Он бывал в итальянской опере (спектакли ее шли в Петербурге почти всю зиму), на французских спектаклях в Михайловском театре; посещал Александринку, там шли пьесы классического репертуара и водевили с участием Каратыгина, Самойлова, Мартынова.
До января 1859 года на месте теперешнего Театра оперы и балета имени С. М. Кирова было здание с круглой ареной и обширной сценой — театр–цирк, как его называли. Тут шли и пьесы, и конные представления, были здесь и джигитовка с ружейной пальбой, и выступления акробатов, и русская опера.
После пожара на месте театра–цирка был выстроен и в 1860 году открыт Мариинский театр, где кроме опер ставились балеты и иногда драматические спектакли.
Напротив него, там, где сейчас здание консерватории, помещался Большой театр. Здесь шла в основном итальянская, а иногда и русская опера. Шла там, например, опера светского композитора того времени барона Фитингоф–Шеля «Мазепа», постановка которой, по словам автора, была настолько нищенская, костюмы так бедны, что, глядя на казаков, трудно было даже сказать — мужчины это или женщины, а войско состояло из восьми солдат, которые выходили поочередно из одной кулисы и уходили за другую… Они повторяли это до тех пор, пока занавес не опускался.
Даже прекрасное исполнение роли Кочубея артистом Осипом Афанасьевичем Петровым не спасало спектакль.

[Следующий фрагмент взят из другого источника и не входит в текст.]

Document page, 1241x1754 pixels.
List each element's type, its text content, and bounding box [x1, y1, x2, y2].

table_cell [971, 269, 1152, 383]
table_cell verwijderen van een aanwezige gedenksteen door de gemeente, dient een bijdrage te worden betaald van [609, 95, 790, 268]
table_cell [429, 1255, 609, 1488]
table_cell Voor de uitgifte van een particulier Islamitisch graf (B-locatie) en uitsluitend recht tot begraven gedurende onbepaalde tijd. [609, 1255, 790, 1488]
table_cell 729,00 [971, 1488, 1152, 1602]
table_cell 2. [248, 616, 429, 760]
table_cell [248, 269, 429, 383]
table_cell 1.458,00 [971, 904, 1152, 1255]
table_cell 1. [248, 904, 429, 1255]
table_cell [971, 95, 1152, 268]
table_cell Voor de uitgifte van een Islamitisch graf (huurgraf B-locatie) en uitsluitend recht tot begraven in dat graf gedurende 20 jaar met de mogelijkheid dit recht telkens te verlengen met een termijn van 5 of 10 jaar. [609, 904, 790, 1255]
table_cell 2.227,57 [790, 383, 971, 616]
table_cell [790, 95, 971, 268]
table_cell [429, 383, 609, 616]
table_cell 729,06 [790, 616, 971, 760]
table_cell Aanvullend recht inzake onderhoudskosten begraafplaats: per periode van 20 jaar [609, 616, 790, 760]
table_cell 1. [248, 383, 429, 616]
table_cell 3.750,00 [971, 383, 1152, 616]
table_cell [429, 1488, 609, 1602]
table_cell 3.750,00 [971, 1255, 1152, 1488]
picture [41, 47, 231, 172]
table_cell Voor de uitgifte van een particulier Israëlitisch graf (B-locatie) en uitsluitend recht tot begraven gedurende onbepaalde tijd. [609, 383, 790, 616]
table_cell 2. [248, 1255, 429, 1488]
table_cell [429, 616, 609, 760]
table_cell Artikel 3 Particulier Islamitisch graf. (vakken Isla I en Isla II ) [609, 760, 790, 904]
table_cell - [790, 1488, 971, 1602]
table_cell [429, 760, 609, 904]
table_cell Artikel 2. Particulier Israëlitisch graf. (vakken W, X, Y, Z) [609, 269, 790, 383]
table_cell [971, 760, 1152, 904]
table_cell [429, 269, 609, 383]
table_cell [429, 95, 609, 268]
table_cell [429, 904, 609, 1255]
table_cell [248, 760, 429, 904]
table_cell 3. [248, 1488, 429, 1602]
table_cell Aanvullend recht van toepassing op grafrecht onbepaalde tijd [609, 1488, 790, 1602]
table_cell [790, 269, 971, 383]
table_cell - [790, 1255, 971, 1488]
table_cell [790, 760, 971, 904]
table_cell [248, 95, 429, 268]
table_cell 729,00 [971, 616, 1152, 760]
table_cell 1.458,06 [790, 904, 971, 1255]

Если бы мы в те годы посмотрели вместе с молодым Чайковским на наклеенные на широкой тумбе и довольно непрезентабельные на вид афиши — в то время они печатались на серой, иногда желтоватой бумаге, — мы смогли бы прочесть, что, например, в Большом театре выступает итальянская опера: утром дают «Травиату», вечером— «Отелло» Россини. Участвуют артисты Тамберлик, Эверарди, Фиоретти…

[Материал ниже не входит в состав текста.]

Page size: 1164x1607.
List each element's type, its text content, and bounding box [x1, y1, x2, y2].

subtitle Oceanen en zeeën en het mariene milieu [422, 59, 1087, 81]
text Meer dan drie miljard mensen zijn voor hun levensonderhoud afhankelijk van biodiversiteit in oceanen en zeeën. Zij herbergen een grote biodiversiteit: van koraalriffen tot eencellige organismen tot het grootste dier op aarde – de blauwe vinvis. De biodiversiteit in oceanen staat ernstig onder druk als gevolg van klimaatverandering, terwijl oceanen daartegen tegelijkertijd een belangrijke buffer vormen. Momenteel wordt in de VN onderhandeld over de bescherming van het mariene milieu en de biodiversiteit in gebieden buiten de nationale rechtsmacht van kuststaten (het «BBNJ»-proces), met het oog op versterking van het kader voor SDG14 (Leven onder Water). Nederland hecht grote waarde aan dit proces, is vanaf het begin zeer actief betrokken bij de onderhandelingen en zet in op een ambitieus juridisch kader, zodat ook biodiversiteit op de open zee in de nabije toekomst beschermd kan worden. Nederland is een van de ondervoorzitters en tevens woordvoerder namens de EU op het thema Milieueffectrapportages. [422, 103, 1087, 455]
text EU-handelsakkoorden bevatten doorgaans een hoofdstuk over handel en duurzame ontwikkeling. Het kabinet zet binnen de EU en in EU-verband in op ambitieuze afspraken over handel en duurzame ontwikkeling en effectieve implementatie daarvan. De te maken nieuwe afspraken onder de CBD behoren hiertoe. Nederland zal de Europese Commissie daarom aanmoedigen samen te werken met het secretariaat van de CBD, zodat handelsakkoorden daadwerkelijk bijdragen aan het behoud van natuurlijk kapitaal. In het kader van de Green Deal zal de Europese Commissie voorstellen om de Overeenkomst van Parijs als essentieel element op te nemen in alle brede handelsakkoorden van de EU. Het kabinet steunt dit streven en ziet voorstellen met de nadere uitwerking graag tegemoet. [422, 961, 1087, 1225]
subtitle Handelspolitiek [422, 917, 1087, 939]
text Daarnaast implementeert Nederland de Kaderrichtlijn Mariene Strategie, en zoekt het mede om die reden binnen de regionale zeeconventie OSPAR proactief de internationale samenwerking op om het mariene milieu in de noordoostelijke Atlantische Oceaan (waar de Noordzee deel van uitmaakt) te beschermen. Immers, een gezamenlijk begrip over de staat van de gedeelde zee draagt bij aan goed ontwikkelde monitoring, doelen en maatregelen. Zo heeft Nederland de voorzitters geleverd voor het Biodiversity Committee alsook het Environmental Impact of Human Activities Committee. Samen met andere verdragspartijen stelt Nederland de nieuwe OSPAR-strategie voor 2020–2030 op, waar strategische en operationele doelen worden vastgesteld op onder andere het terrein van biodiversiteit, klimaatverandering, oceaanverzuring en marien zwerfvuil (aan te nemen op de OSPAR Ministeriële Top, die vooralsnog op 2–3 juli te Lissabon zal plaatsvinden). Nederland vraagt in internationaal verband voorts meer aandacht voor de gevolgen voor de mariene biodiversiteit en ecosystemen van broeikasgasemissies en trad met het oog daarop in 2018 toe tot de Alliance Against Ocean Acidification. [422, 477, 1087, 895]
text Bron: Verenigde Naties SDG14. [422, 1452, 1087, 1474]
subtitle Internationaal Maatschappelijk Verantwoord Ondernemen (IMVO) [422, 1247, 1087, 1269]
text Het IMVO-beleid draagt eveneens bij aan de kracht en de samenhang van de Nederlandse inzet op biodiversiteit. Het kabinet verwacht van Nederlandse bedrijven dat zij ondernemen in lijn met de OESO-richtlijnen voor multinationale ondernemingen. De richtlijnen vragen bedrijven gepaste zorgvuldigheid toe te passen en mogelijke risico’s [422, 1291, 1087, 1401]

«На Мариинском театре» в этот же день «народное представление» — идет пьеса «Чему быть, того не миновать, или Не по носу табак» и водевиль «Дочь русского актера».

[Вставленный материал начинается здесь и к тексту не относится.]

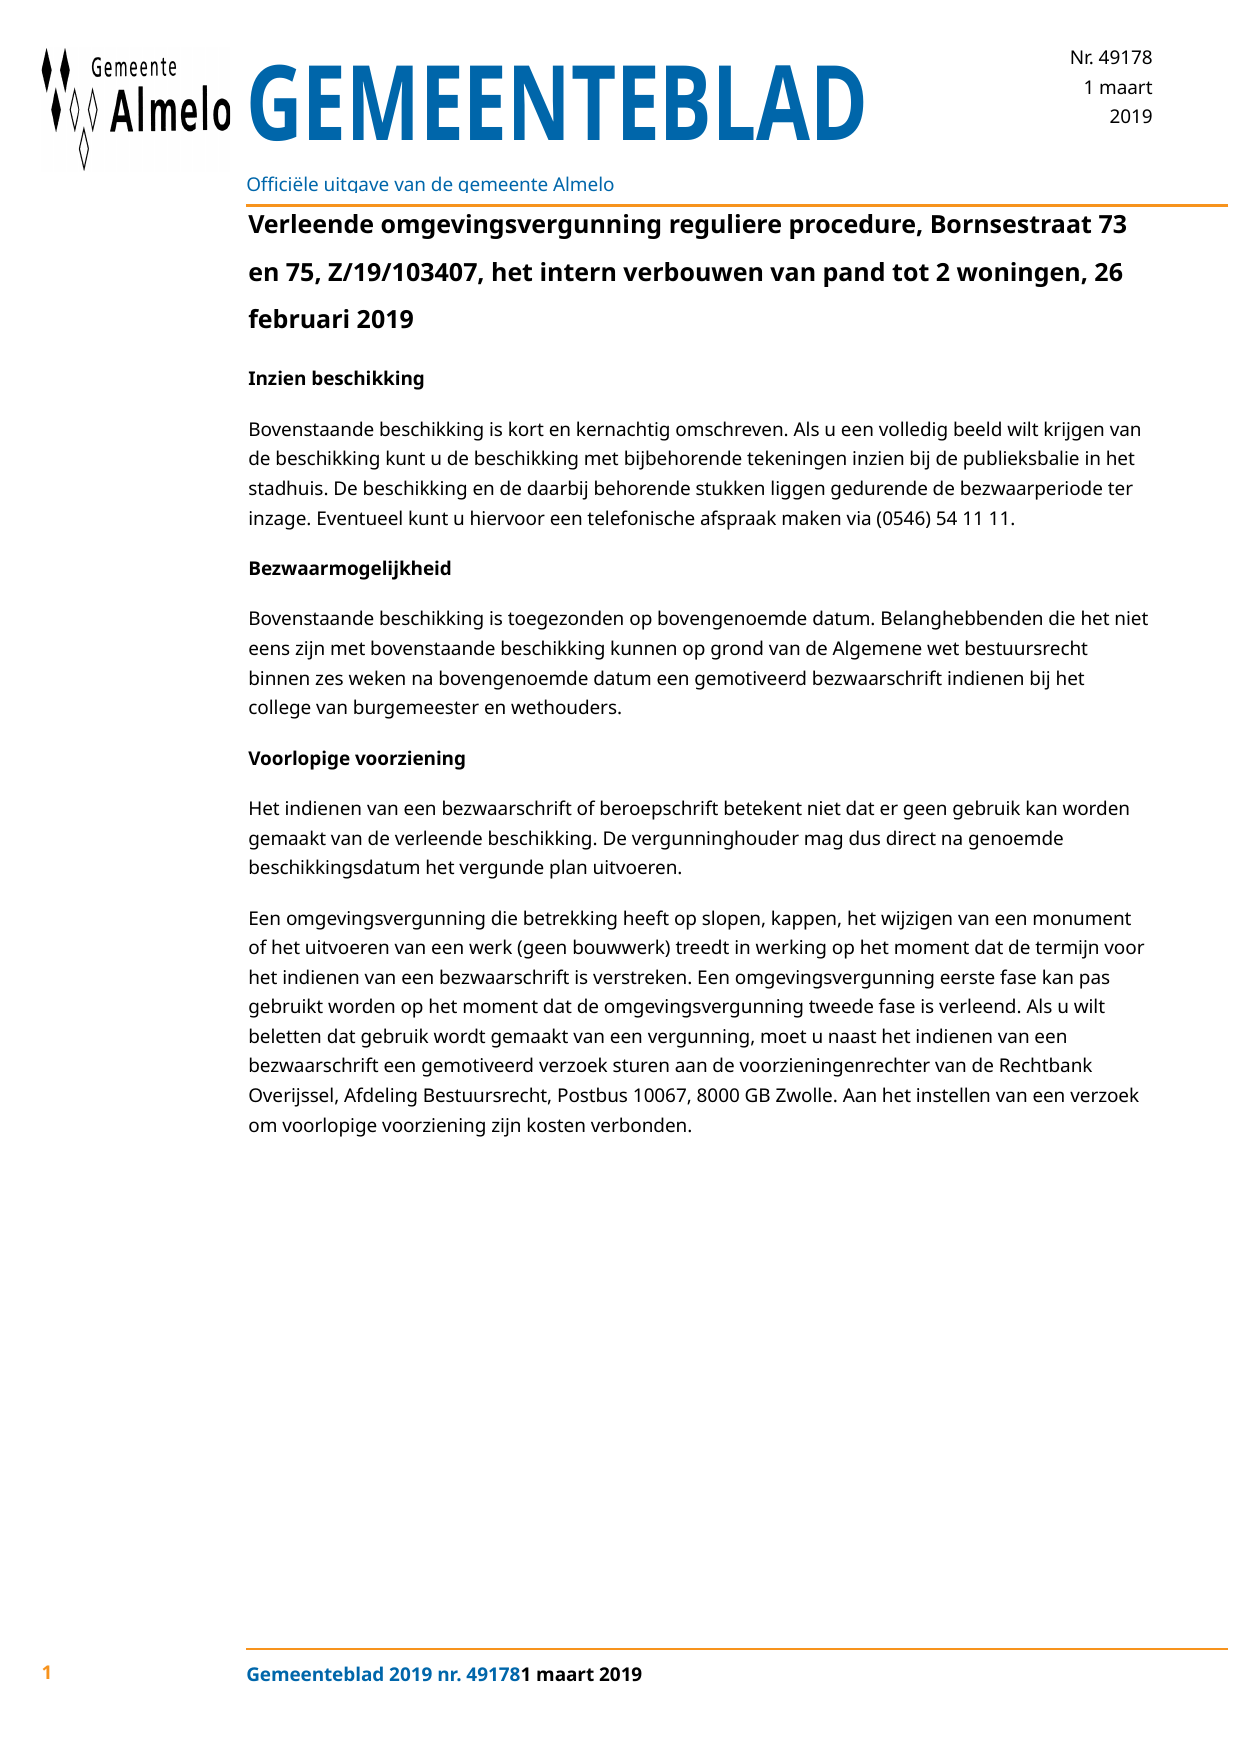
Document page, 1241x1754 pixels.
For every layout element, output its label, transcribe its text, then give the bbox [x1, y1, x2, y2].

text Bovenstaande beschikking is toegezonden op bovengenoemde datum. Belanghebbenden die het niet eens zijn met bovenstaande beschikking kunnen op grond van de Algemene wet bestuursrecht binnen zes weken na bovengenoemde datum een gemotiveerd bezwaarschrift indienen bij het college van burgemeester en wethouders. [248, 606, 1152, 720]
picture [41, 47, 231, 172]
text Verleende omgevingsvergunning reguliere procedure, Bornsestraat 73 en 75, Z/19/103407, het intern verbouwen van pand tot 2 woningen, 26 februari 2019 [248, 207, 1152, 336]
text Het indienen van een bezwaarschrift of beroepschrift betekent niet dat er geen gebruik kan worden gemaakt van de verleende beschikking. De vergunninghouder mag dus direct na genoemde beschikkingsdatum het vergunde plan uitvoeren. [248, 795, 1152, 880]
text Bezwaarmogelijkheid [248, 555, 1152, 581]
text Bovenstaande beschikking is kort en kernachtig omschreven. Als u een volledig beeld wilt krijgen van de beschikking kunt u de beschikking met bijbehorende tekeningen inzien bij de publieksbalie in het stadhuis. De beschikking en de daarbij behorende stukken liggen gedurende de bezwaarperiode ter inzage. Eventueel kunt u hiervoor een telefonische afspraak maken via (0546) 54 11 11. [248, 416, 1152, 530]
text Inzien beschikking [248, 366, 1152, 391]
text Voorlopige voorziening [248, 745, 1152, 770]
text Een omgevingsvergunning die betrekking heeft op slopen, kappen, het wijzigen van een monument of het uitvoeren van een werk (geen bouwwerk) treedt in werking op het moment dat de termijn voor het indienen van een bezwaarschrift is verstreken. Een omgevingsvergunning eerste fase kan pas gebruikt worden op het moment dat de omgevingsvergunning tweede fase is verleend. Als u wilt beletten dat gebruik wordt gemaakt van een vergunning, moet u naast het indienen van een bezwaarschrift een gemotiveerd verzoek sturen aan de voorzieningenrechter van de Rechtbank Overijssel, Afdeling Bestuursrecht, Postbus 10067, 8000 GB Zwolle. Aan het instellen van een verzoek om voorlopige voorziening zijn kosten verbonden. [248, 905, 1152, 1137]
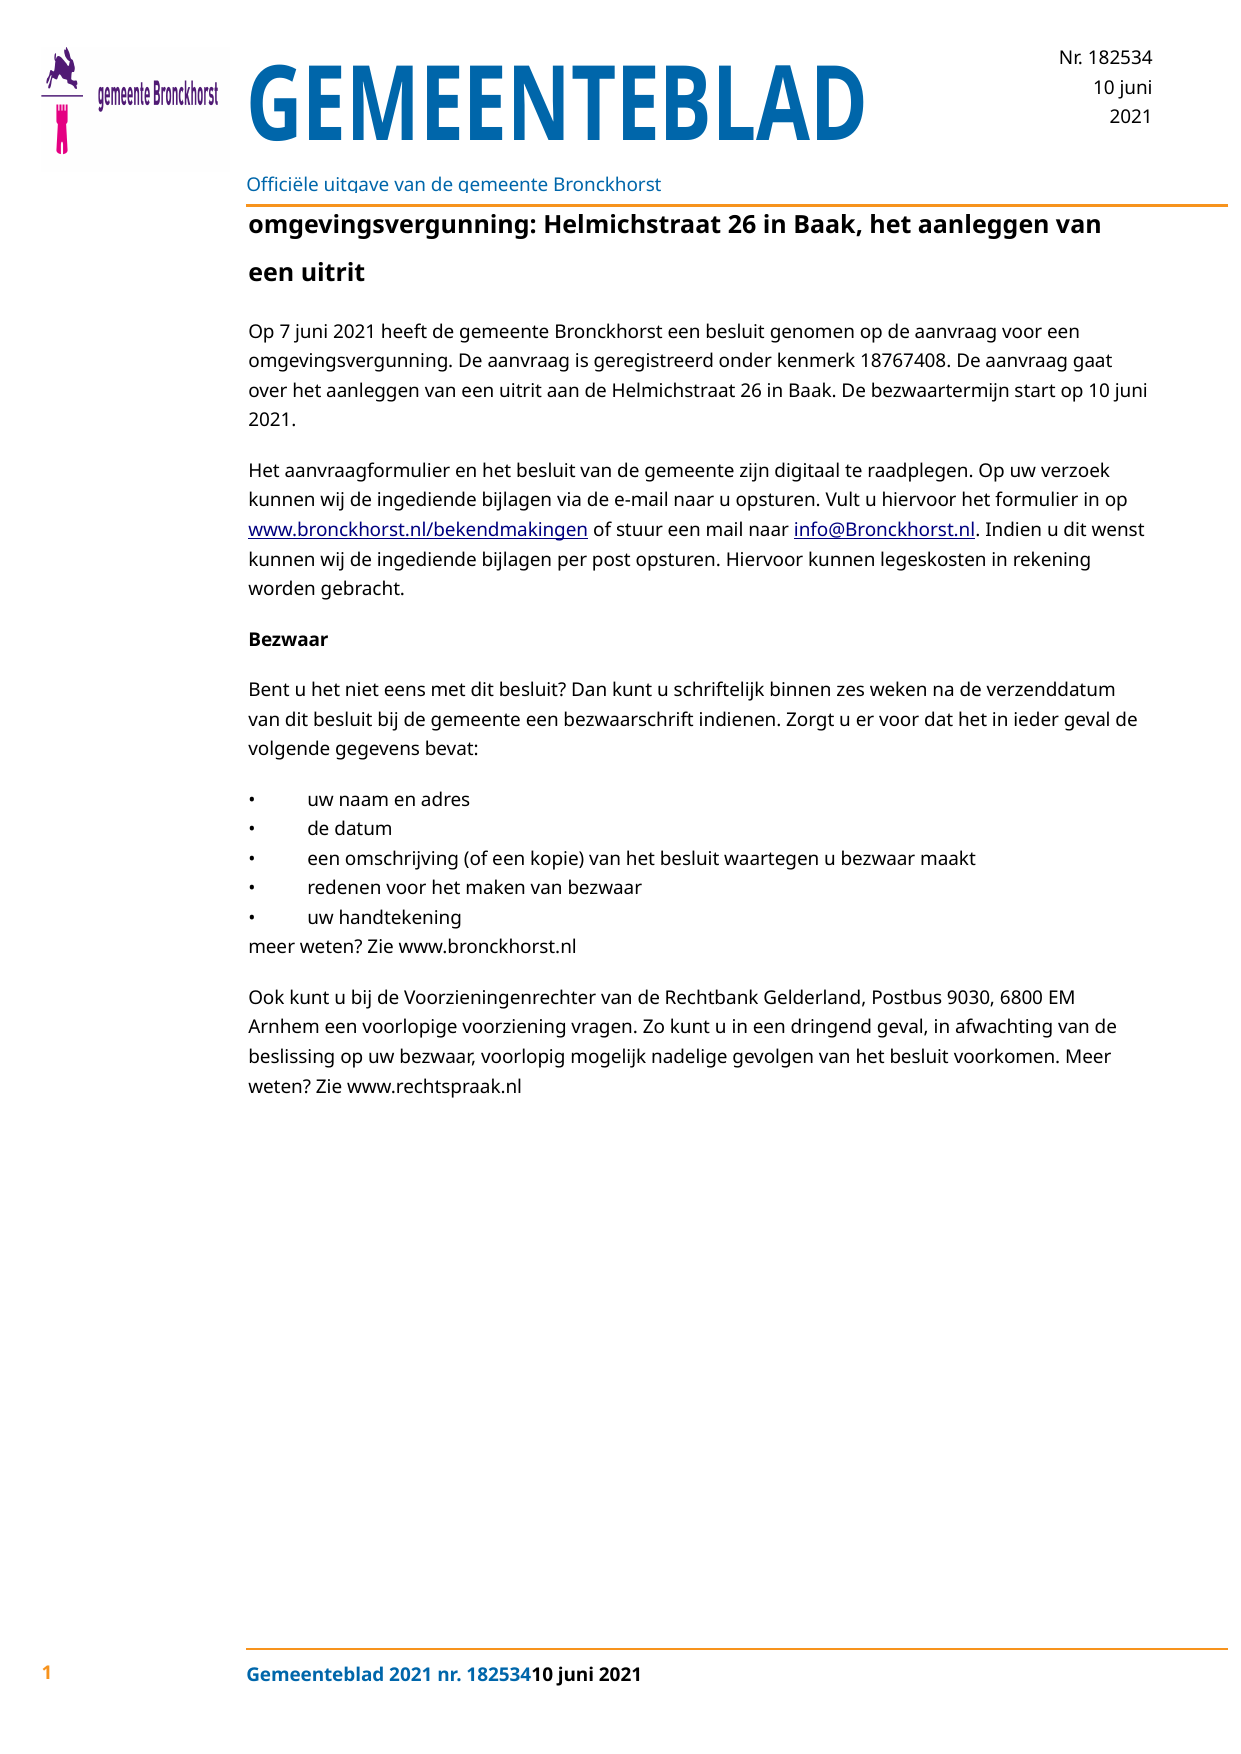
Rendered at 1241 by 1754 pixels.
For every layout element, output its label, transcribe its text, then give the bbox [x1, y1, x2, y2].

Все афиши похожи одна на другую, но какое разнообразное содержание! Вот неувядаемые, привычные нам с детства «Ревизор» Гоголя, лермонтовский «Маскарад», «Фиделио» Бетховена…
А рядом итальянцы: «Норма» Беллини, «Марино Фальеро» Доницетти, балет «Метеора» в постановке Сен-Леона. И среди этих названий и имен совсем маленькая и очень странная афиша: «31 января, в пятницу, в 1 час пополудни господа придворные певчие дадут пятый Духовный концерт в пользу своих (!) вдов и сирот».
Слов нет, выбор большой!
Какие из этих спектаклей посетил молодой Чайковский, мы не знаем, а вот перед такой афишной тумбой он стоял, несомненно, не один раз, размышляя, куда бы пойти.
Как бы то ни было, у молодого чиновника не было недостатка в развлечениях. Он — общий любимец, барышни влюблены в него. И дома жизнь все та же. Много молодежи в огромной директорской квартире в Технологическом институте. Весело, шумно. Тут музыканты, правоведы, студенты Горного института (товарищи Николая) и офицеры (сыновья Петра Петровича), и моряки — воспитанники Морского кадетского корпуса — товарищи Ипполита, и художники — друзья дочерей Петра Петровича. Бывает здесь и поэт Чавчавадзе, влюбленный в одну из дочерей — Софью Петровну и посвящающий ей стихи.